WHAT THE TASK ASKS: All lines holding the word "below" are to be copied from the records beneath.

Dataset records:
-*-*-
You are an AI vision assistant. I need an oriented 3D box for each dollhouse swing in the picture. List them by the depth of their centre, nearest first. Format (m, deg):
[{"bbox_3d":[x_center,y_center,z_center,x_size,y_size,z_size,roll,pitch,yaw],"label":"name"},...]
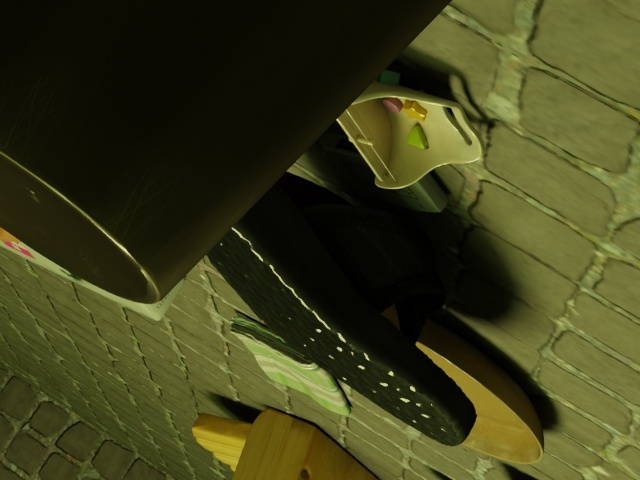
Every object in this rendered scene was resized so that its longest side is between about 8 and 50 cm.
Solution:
[{"bbox_3d":[-0.036,0.415,2.001,0.305,0.315,0.347,-12,136,41],"label":"dollhouse swing"}]

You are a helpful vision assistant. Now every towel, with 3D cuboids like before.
[{"bbox_3d":[-0.031,0.136,1.621,0.113,0.023,0.152,27,163,26],"label":"towel"}]

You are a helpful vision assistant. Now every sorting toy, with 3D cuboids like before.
[{"bbox_3d":[0.051,-0.066,0.852,0.075,0.045,0.083,11,153,37],"label":"sorting toy"}]

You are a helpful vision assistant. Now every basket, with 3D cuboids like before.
[{"bbox_3d":[-0.054,-0.103,0.608,0.204,0.227,0.154,33,164,6],"label":"basket"}]

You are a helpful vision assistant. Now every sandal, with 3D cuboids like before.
[{"bbox_3d":[0.001,0.000,1.006,0.167,0.107,0.446,26,163,45],"label":"sandal"}]

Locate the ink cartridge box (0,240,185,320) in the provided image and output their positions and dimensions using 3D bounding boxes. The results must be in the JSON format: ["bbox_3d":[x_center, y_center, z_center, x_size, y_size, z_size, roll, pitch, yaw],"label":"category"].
[{"bbox_3d":[-0.297,-0.039,1.572,0.275,0.060,0.239,22,161,36],"label":"ink cartridge box"}]

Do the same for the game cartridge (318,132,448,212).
[{"bbox_3d":[0.041,-0.042,0.980,0.083,0.017,0.056,18,154,44],"label":"game cartridge"}]

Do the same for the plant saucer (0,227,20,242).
[{"bbox_3d":[-0.351,-0.074,1.505,0.200,0.037,0.200,32,147,24],"label":"plant saucer"}]

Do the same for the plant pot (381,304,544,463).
[{"bbox_3d":[0.091,0.110,1.293,0.236,0.032,0.236,32,163,11],"label":"plant pot"}]
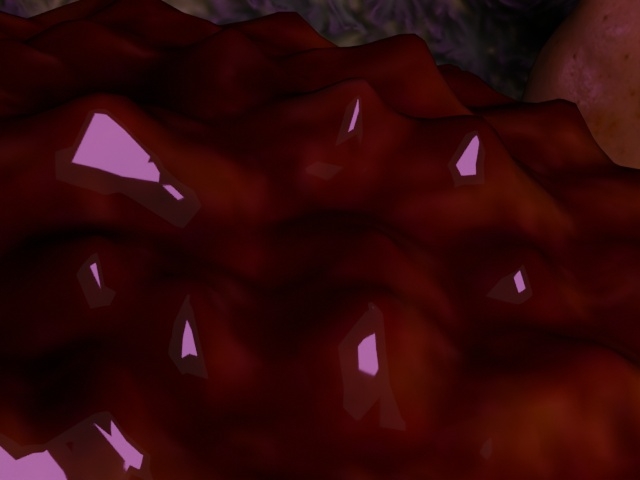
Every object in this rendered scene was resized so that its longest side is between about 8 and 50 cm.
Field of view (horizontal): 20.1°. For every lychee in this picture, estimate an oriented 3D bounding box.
[{"bbox_3d":[-0.029,0.156,0.471,0.500,0.424,0.425,32,72,-3],"label":"lychee"}]

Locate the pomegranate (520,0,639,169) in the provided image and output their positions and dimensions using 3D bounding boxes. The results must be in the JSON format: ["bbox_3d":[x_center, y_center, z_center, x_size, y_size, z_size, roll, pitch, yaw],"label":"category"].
[{"bbox_3d":[0.174,-0.031,0.679,0.207,0.207,0.207,3,78,-15],"label":"pomegranate"}]
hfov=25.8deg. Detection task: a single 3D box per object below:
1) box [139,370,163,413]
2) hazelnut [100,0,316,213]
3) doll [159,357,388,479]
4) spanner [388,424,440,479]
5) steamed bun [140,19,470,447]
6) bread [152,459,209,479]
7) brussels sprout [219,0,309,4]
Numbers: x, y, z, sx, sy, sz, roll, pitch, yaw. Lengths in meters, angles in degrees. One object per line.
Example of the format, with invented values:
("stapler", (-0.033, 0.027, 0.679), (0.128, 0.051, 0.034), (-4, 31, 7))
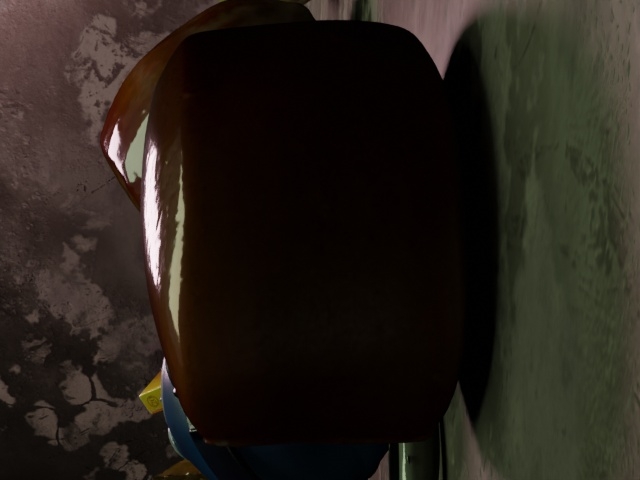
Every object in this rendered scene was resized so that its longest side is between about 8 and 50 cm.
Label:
("box", (-0.110, 0.152, 1.925), (0.043, 0.269, 0.152), (60, -150, -11))
("hazelnut", (-0.116, -0.146, 1.871), (0.366, 0.366, 0.366), (-179, 90, -85))
("doll", (-0.033, 0.107, 1.331), (0.284, 0.240, 0.310), (44, -133, -37))
("spanner", (0.074, 0.222, 1.084), (0.095, 0.040, 0.325), (98, 173, -60))
("steamed bun", (-0.015, -0.037, 1.039), (0.379, 0.235, 0.248), (-97, 7, -61))
("bread", (-0.098, 0.309, 1.893), (0.315, 0.279, 0.248), (-114, 20, -64))
("brussels sprout", (-0.097, -0.487, 2.173), (0.316, 0.242, 0.274), (-126, 31, -77))
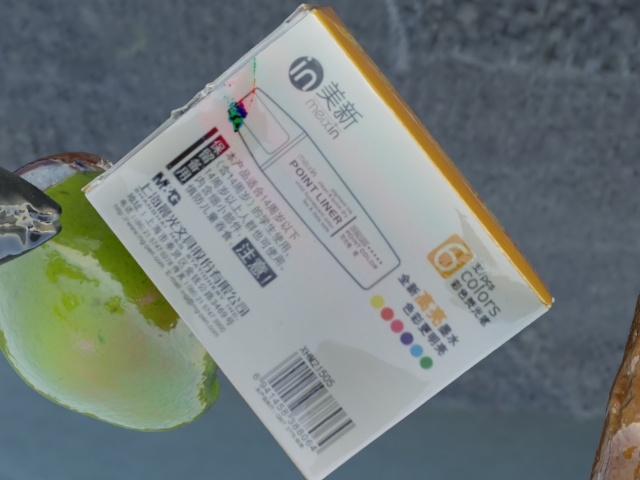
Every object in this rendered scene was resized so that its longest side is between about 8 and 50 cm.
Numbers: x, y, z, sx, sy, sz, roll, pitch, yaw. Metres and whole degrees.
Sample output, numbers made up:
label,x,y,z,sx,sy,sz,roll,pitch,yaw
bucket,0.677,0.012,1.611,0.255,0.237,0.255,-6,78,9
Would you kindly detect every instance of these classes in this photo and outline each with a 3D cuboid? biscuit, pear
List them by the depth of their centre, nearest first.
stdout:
label,x,y,z,sx,sy,sz,roll,pitch,yaw
biscuit,0.118,0.062,0.742,0.019,0.130,0.102,14,158,11
pear,-0.158,0.051,1.552,0.219,0.187,0.187,46,144,-8

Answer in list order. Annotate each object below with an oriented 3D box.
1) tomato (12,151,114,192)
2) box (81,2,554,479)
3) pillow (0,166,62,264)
label,x,y,z,sx,sy,sz,roll,pitch,yaw
tomato,-0.212,0.027,1.836,0.181,0.214,0.155,-25,175,12
box,0.000,0.000,1.383,0.221,0.091,0.274,-36,91,11
pillow,-0.287,-0.018,1.059,0.250,0.106,0.186,7,-174,42
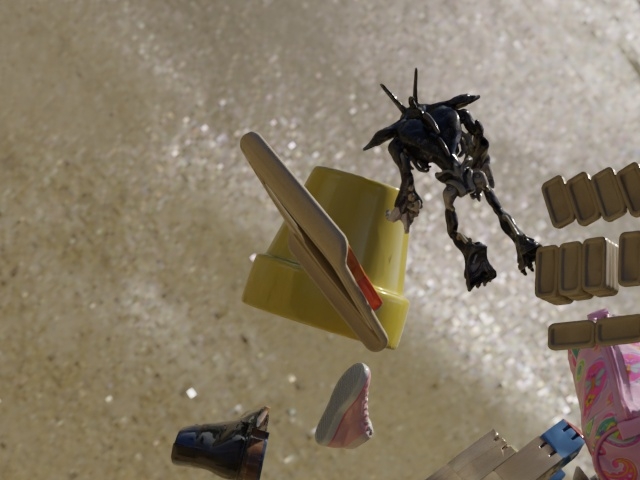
-*-*-
RESPONSE AREA:
hfov=25.8deg. Detection task: a single 3D box per object below:
Answer in list order. Annotate each object below with an oriented 3D box.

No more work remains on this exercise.